Let $$n$$ be the total sample size obtained by adding two groups such that $$n = n_1 + n_2$$. Let $$w$$ represent the proportion of $$n$$ allocated to $$n_1$$, referred to as the weight of $$n_1$$. Then $$n_2 = \frac{n_1 \cdot (1 - w)}{w}$$.

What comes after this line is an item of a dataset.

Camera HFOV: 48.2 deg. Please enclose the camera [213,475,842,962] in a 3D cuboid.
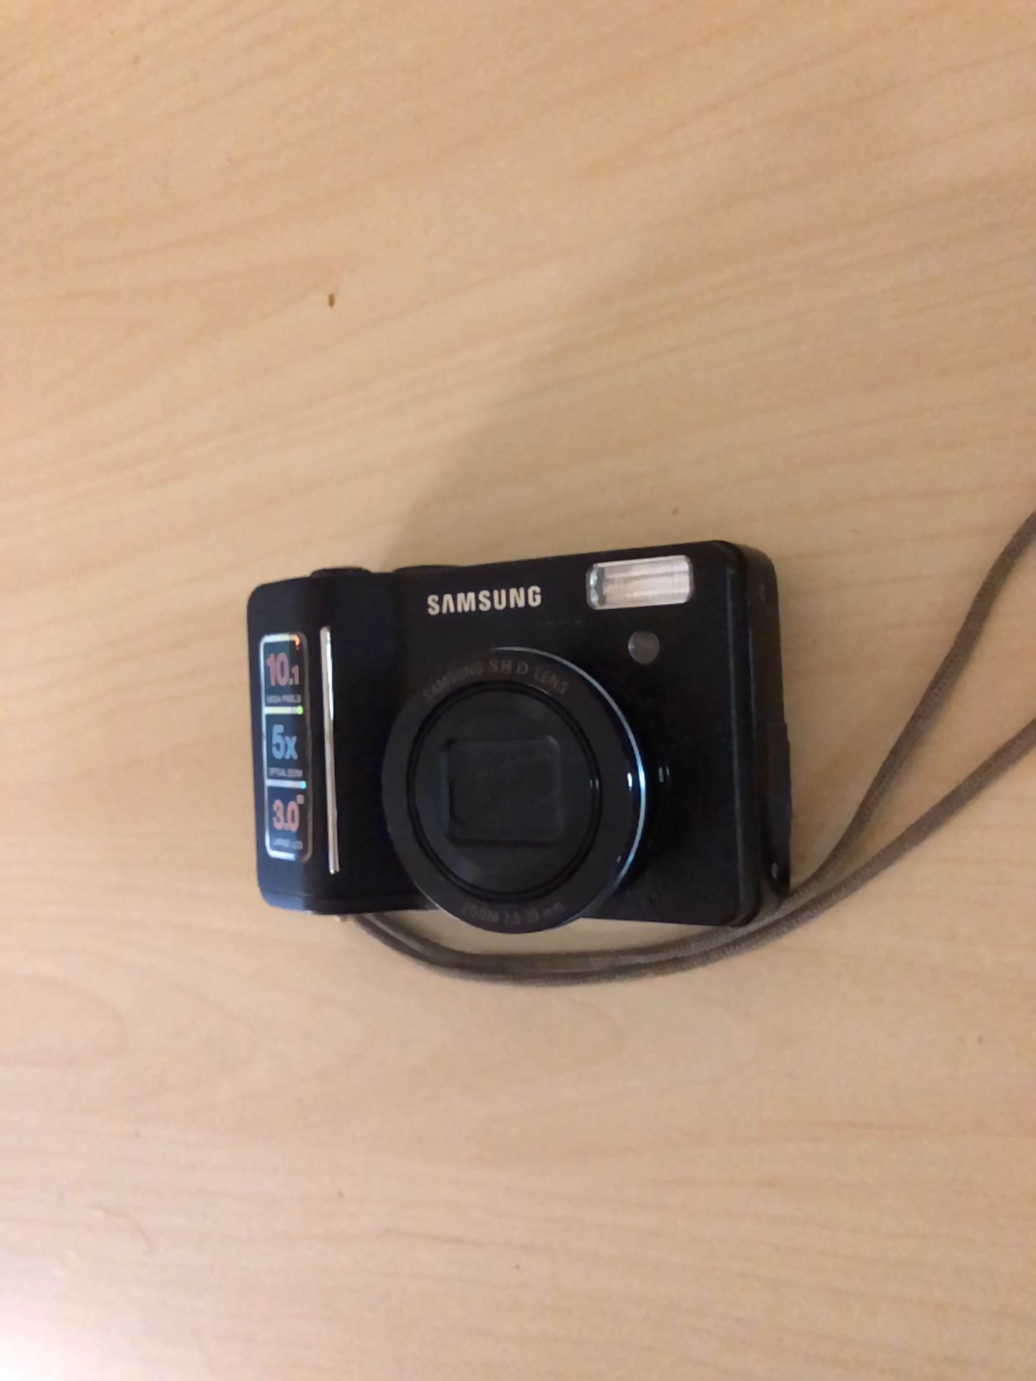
[{"bbox_3d":[-0.002,0.005,0.207,0.110,0.030,0.070,-2,89,30],"label":"camera"}]

Furthermore, $$n = n_1 + \frac{n_1 \cdot (1-w)}{w}$$.

Proof:

By the assumptions, we know

\begin{aligned} n &= n_1 + n_2 \\ &= w \cdot n + (1 - w) \cdot n \end{aligned}

This implies

\begin{aligned} n_1 &= w \cdot n\\ n_2 &= (1-w) \cdot n \end{aligned}

We observe the following:

\begin{aligned} \frac{n_2}{n_1} &= \frac{(1-w) \cdot n}{w \cdot n} \\ &= \frac{(1-w)}{w} \\ \Rightarrow n_2 &= \frac{n_1 \cdot (1-w)}{w} \end{aligned}

This further implies

$n = n_1 + \frac{n_1 \cdot (1-w)}{w}$

Notice now that both $$n$$ and $$n_2$$ are defined as functions of $$n_1$$ and $$w$$. Thus, we may estimate the sample size required in each of two groups by estimating only $$n_1$$, provided we know the weight $$w$$.

### 35.1.1 Corollary

For $$k \in \mathbb{N}$$, let $$n$$ be the total sample size of $$k$$ subgroups such that

$n = n_1 + n_2 + n_3 + ... + n_k$

Suppose, further, that there exists a vector of weights $$W$$ that satisfy the following conditions:

1. For each $$w_i \in W$$, $$0 \leq w_i \leq 1$$
2. $$\sum\limits_{i=1}^{k} w_i = 1$$
3. $$n = w_1 \cdot n + w_2 \cdot n + ... + w_k \cdot n = \sum\limits_{i=1}^{k} w_i \cdot n$$

Let us assign the values $$n_1 = w_1 \cdot n$$, $$n_2 = w_2 \cdot n$$, …, $$n_k = w_k \cdot n$$. Then for all $$i | i \leq k$$,

\begin{aligned} \frac{n_i}{n_1} &= \frac{w_i \cdot n}{w_1 \cdot n} \\ &= \frac{w_i}{w_1} \\ \Rightarrow n_i &= \frac{n_1 \cdot w_i}{w_1} \end{aligned}

Thus, each $$n_i$$ may be estimated by estimating the value of $$n_1$$ provided $$W$$ is a fully specified vector of weights for each of the $$k$$ groups.